El Presidente de Uruguay, José Mujica, fustigó a fines de 2010 lo que denominó “ultraizquierdismo”. Señaló que “desde posiciones de izquierda aparentemente contundentes colabora para el avance de la peor derecha, porque se piensa que con una sociedad radicalizada sus posiciones políticas prosperarán”, y cree que “cuanto peor le vaya a la suerte de la gente, mejor para su avance político (…) Es la historia del izquierdismo alemán que terminó abriendo la puerta a Hitler”.

Sostuvo se trataría de “gente que considera que su mayor enemigo es el Frente Amplio”, coalición de centro–izquierda en el Gobierno, pues su interés es “sacar de la escena política a la izquierda amortiguadora, a esta izquierda que quiere con bonhomía que el país marche, pues necesitan radicalización”. En el fondo, aseveró, reflejan “una enfermedad permanente de la izquierda: la presión de partidos ‘ultras’ que practican el infantilismo y que, a la larga, son una enorme colaboración estratégica con lo peor de la derecha”.

Un tiempo antes, el Presidente de la República Bolivariana de Venezuela, Hugo Chávez, cuestionó al “ultraizquierdismo” en su país. Dijo que son de “tendencia anárquica y eso le hace mucho daño a la revolución”, sobre todo considerando que “está en plena batalla con un enemigo que utiliza cualquier arma”.

En este contexto, Chávez pidió que se investigara y reflexionara “sobre el terrible daño que le hizo la ultraizquierda” al gobierno de Allende en Chile y aseveró que la misma fue “infiltrada por la CIA” y “sin darse cuenta, generaban eventos que le dieron la justificación a la derecha para hacer lo que hizo”.
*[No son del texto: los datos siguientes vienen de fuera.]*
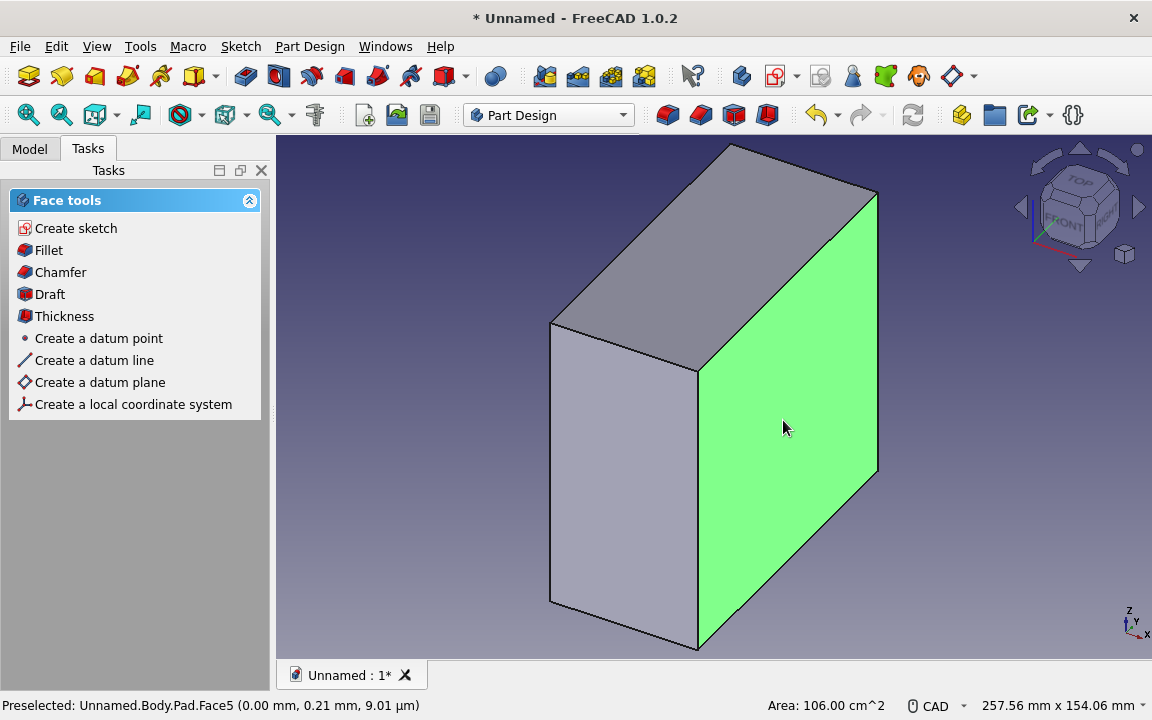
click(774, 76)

A ese respecto, resulta interesante revisitar el pensamiento de Salvador Allende sobre esta materia, un ejercicio que resulta particularmente sugerente para las nuevas generaciones que recientemente descubrimos al compañero Presidente al calor del desarrollo de nuestra propia lucha.
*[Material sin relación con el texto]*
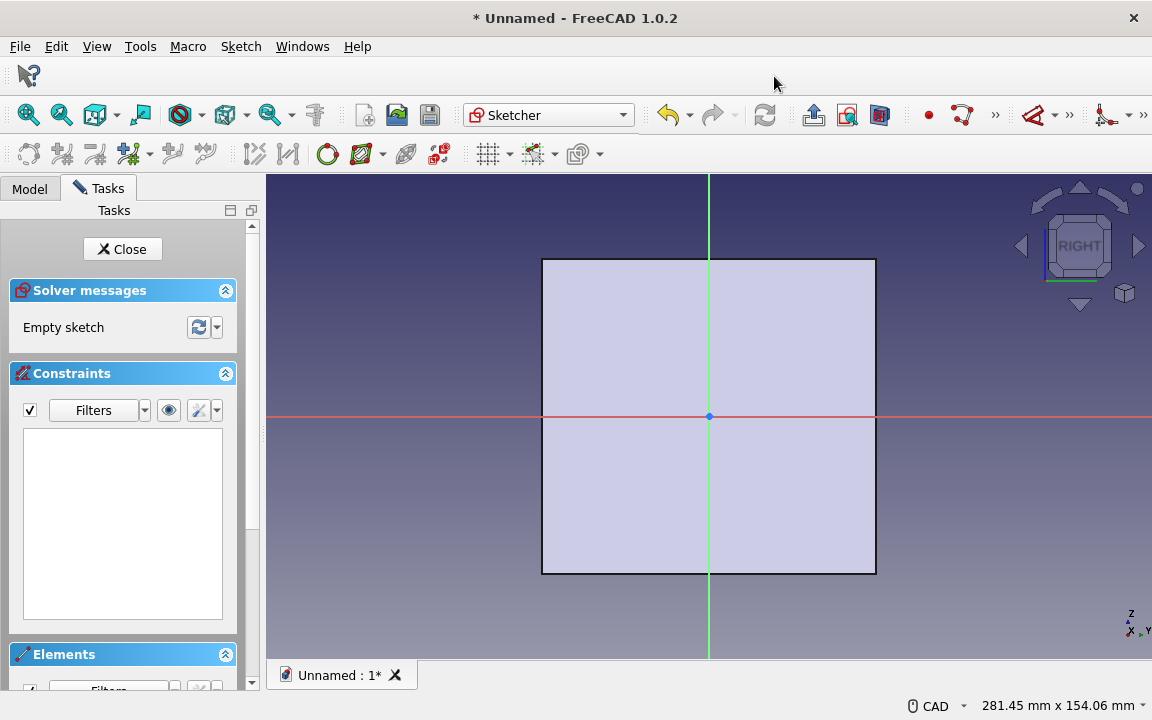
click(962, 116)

Su pensamiento sobre esta materia era resultado, por cierto, de su concepción del cambio social. En abril de 1973, en un discurso a raíz del 40 aniversario del PS, señaló, en referencia al camino democrático hacia el socialismo:

“La Unidad Popular logra su victoria sobre la base de actuar frente a la realidad concreta de nuestra patria. Esa ha sido la clave del éxito que nos ha llevado hasta el Gobierno”.

Y enfatizó que “no se abate el capitalismo en una sola gran jornada apocalíptica”, sino que “es como si estuviéramos frente a un campo de batalla: hay trincheras y trincheras donde el capitalismo va defendiendo sus ventajas y privilegios, y nosotros hemos ido tomando esas trincheras”.

A finales de mayo de 1971, Allende visitó la Universidad de Concepción. En esta ocasión, el secretario general de la Federación de Estudiantes de la Universidad de Concepción, Nelson Gutiérrez, dirigente del MIR, cuestionó la estrategia de la Unidad Popular, según consignó “Punto Final” del 8 de junio de 1971.

El Presidente respondió con un llamado a “romper el sectarismo y no sentirse depositario implacable de la verdad”.

Manifestó:

“Una revolución política, jóvenes, no se puede hacer en un día. Una revolución social no la ha hecho ningún pueblo jamás en un día, ni un año, sino que en muchos años”. E

Explicó, asimismo, que “es muy distinta la revolución que queremos hacer nosotros, sin costo social y de acuerdo a nuestra historia, a la heroica y dramáticamente pujante Revolución Cubana”.

Con energía, sostuvo que “no quiero que nadie preste apoyo a este Gobierno, si no comparte la realidad de la táctica y el camino que nos hemos fijado”. Frente a las primeras rechiflas del público, simpatizante de las posiciones de Gutiérrez, espetó:

“Debo anticiparles que no me inquietan ni los silbidos ni los aplausos. Tengo demasiados años en la lucha social para sentirme intranquilo frente a la represión parcial que puedan tener mis palabras”.

Agregó, desafiante:

“Y si acaso los jóvenes que expresan aparentemente un repudio, quieren que discutamos en el terreno teórico, yo les digo que vengo preparado para ello, y tengo nada menos que algunas citas de Lenin que le pueden refrescar la memoria a algunos. Empezaré por la más cruda y no silben porque van a silbar a Lenin, a mí no. Dice: ‘El extremismo revolucionario es traición al socialismo’… Silben a Lenin, no a mí”…

Como evidencia de que “la realidad es más fuerte que la teoría”, dijo:

“¿Quién de ustedes me va a discutir a mí, sobre el contenido revolucionario de Cuba? ¿Y quién de ustedes se atrevería a pedirle a Fidel Castro que mañana tomara la bahía de Guantánamo, que está en poder de los americanos?”.

Reflexionó que “la correlación de fuerzas políticas” obligaba a los revolucionarios cubanos a aceptar esa realidad.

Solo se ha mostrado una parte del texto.